In a preferred embodiment, the layer sequence according to the invention consists of a 3000 Å thick layer of silicon-stabilized zirconia and a 2000Ä thick chromium layer.

In a second embodiment, the 2000Å thick chrome layer is replaced by a 400Å thick chrome layer and a 2000Å thick Al layer thereon.

It has been found that in such an arrangement comes to solid state reactions, forming an intermediate layer, which also appears due to the low reflectivity of chromium to the viewer as dark.

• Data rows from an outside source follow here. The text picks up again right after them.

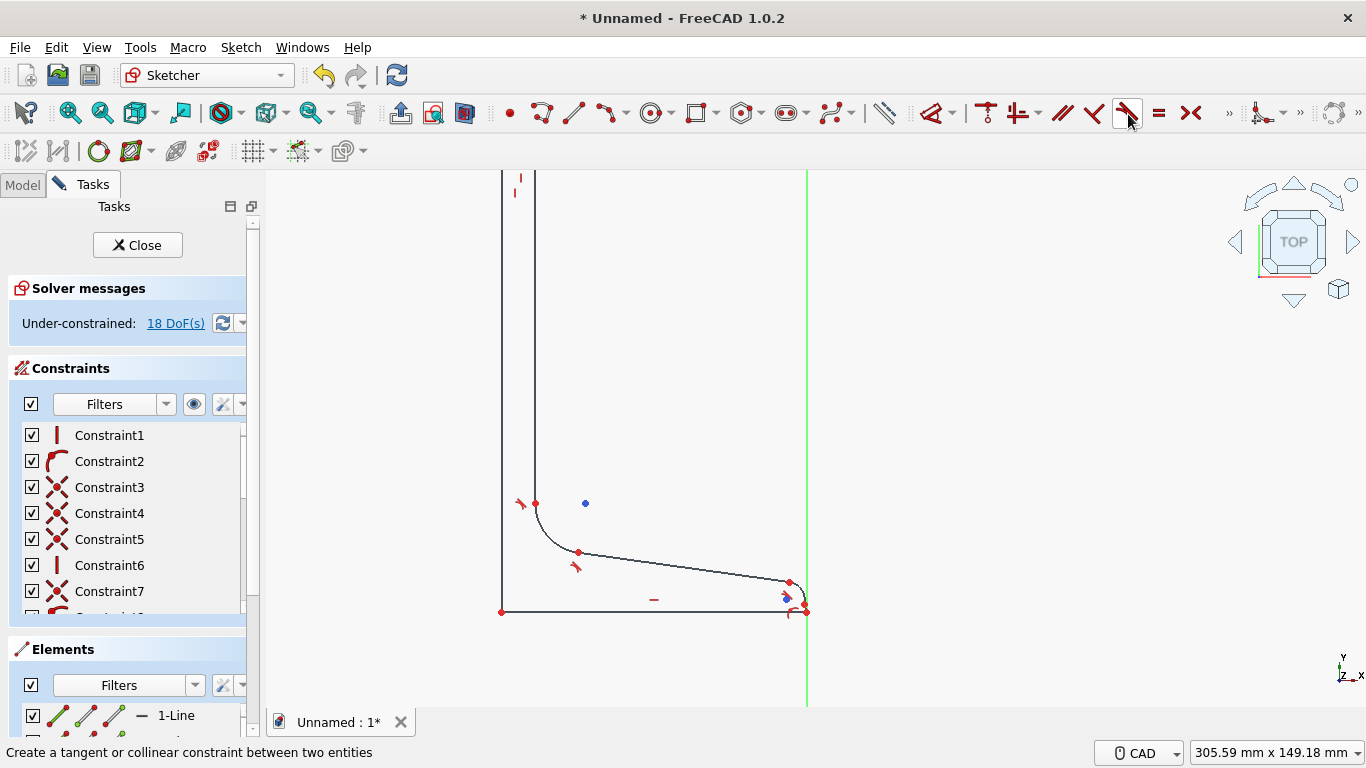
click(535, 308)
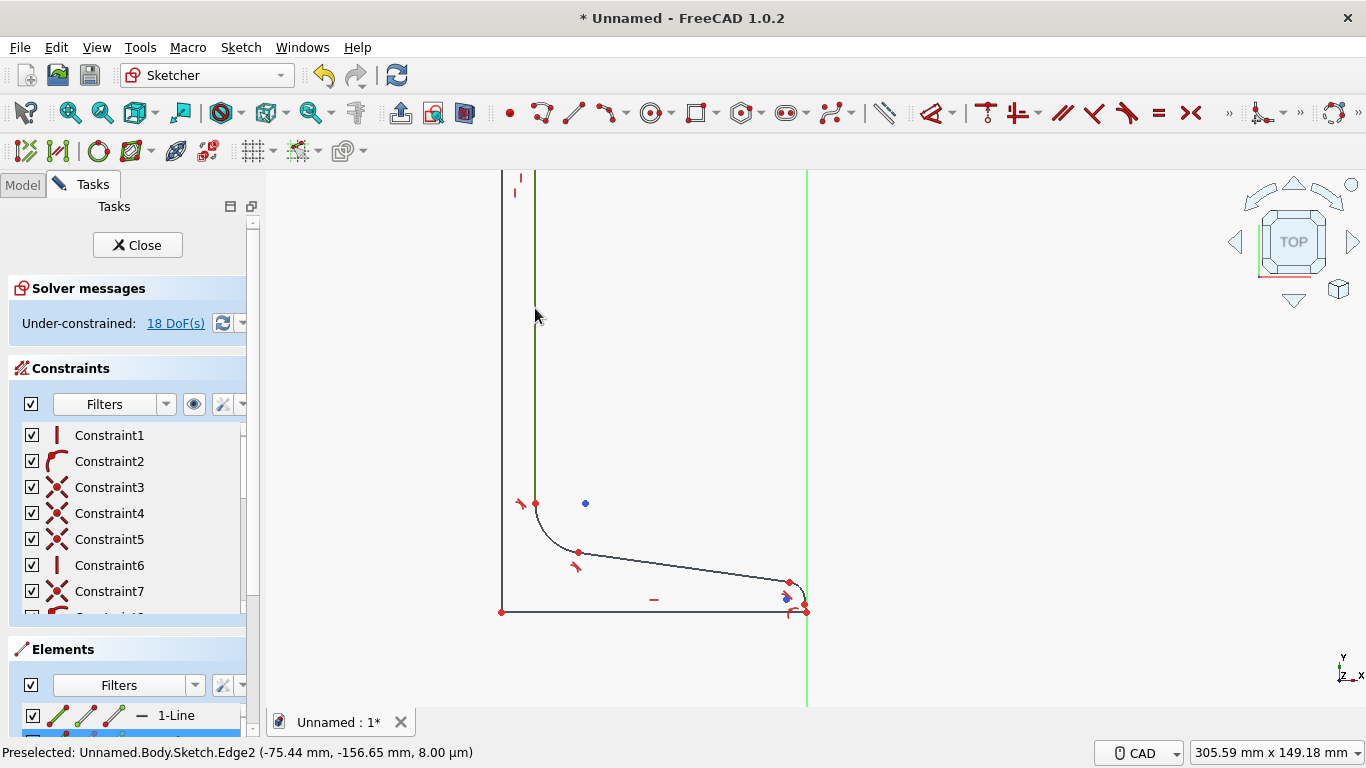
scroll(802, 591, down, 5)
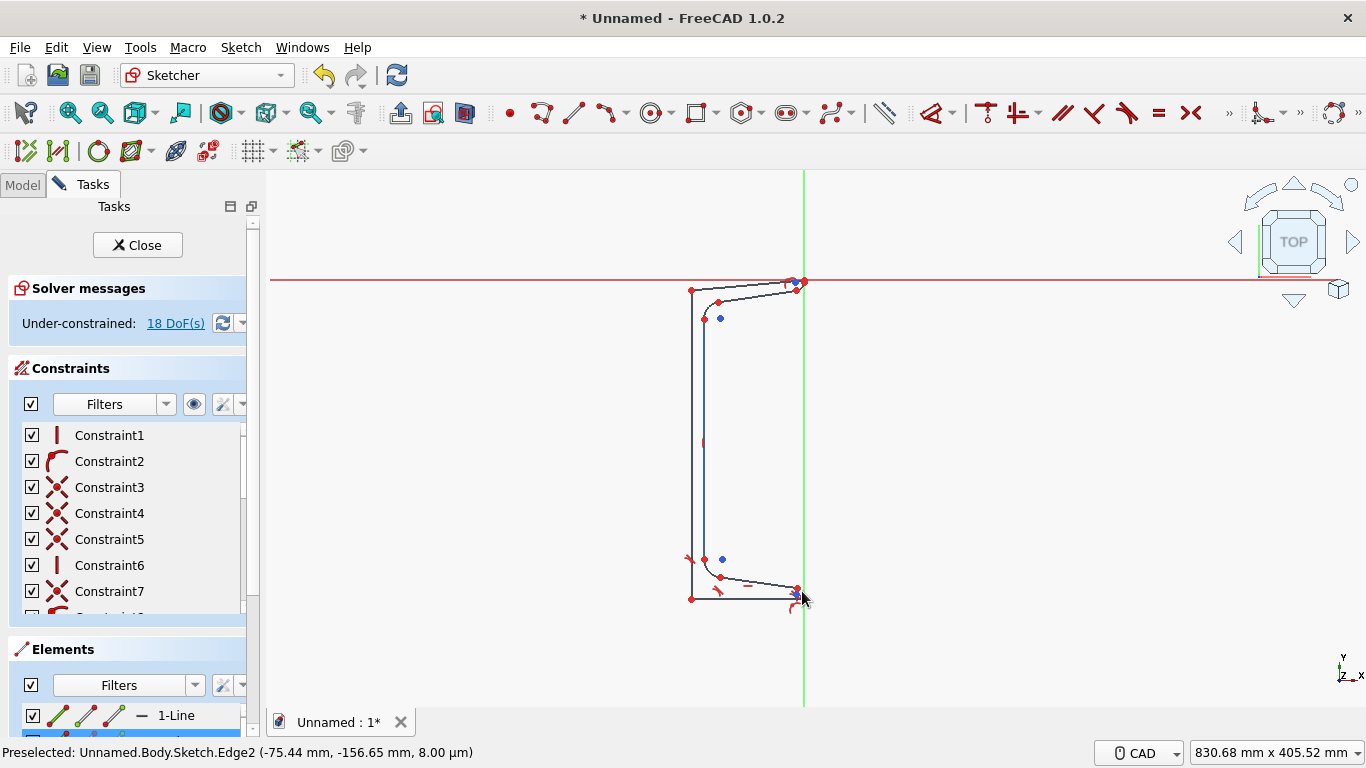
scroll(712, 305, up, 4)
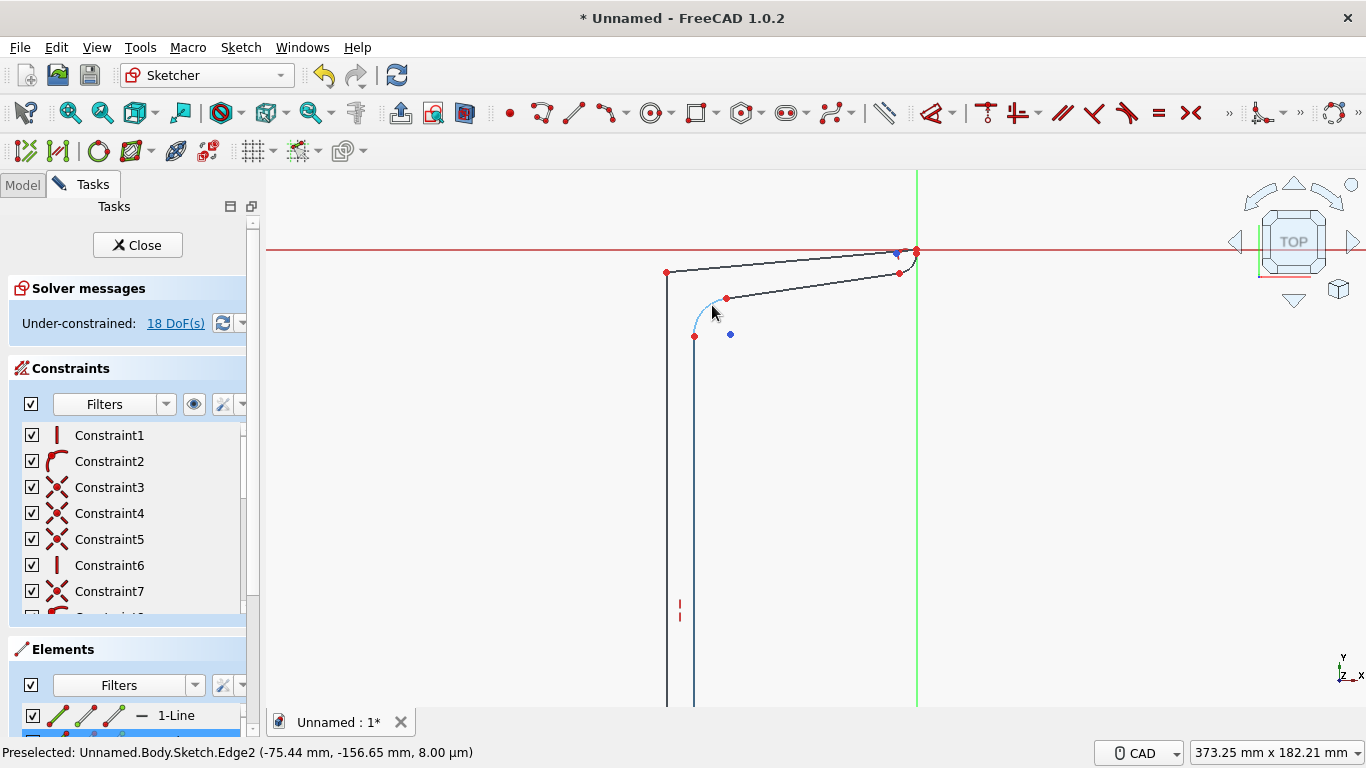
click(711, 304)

In the case of alternating voltage electroluminescent thin-film displays, a contrast ratio of 1:25 in the case of normal workplace illumination can be achieved with the layer sequence according to the invention. It is advantageous that all materials involved can be deposited by electron beam deposition, which ensures a good adaptation to existing technologies for the production of electroluminescent thin-film displays. The thickness of the intermediate layer depends only on the materials involved and thus the demands on the reproducibility of the thickness of the vapor deposition layers are incomparably lower than in interference systems and that in an existing exclusively of chrome cover electrode no additional vapor deposition layer to increase the contrast is required.

Claims (4)

1. Light-absorbing layer sequence of insulator layer and metal layer, characterized in that located on the boundary between the two layers of chromium on the metal side and an oxide insulator material on the insulator side, which is partially reduced by chromium. 2. Light-absorbing layer sequence according to claim 1, characterized in that the metal layer is formed in a plurality of sub-layers, and only the boundary adjacent to the insulator layer contains chromium. 3. Light-absorbing layer sequence according to claim 1, characterized in that the insulator is formed in a plurality of sub-layers, wherein only the layer adjacent to the chromium, a material which is partially reduced by chromium, contains. 4. Light-absorbing layer sequence according to claim 1, characterized in that the oxidic insulator material is calcium-stabilized zirconia.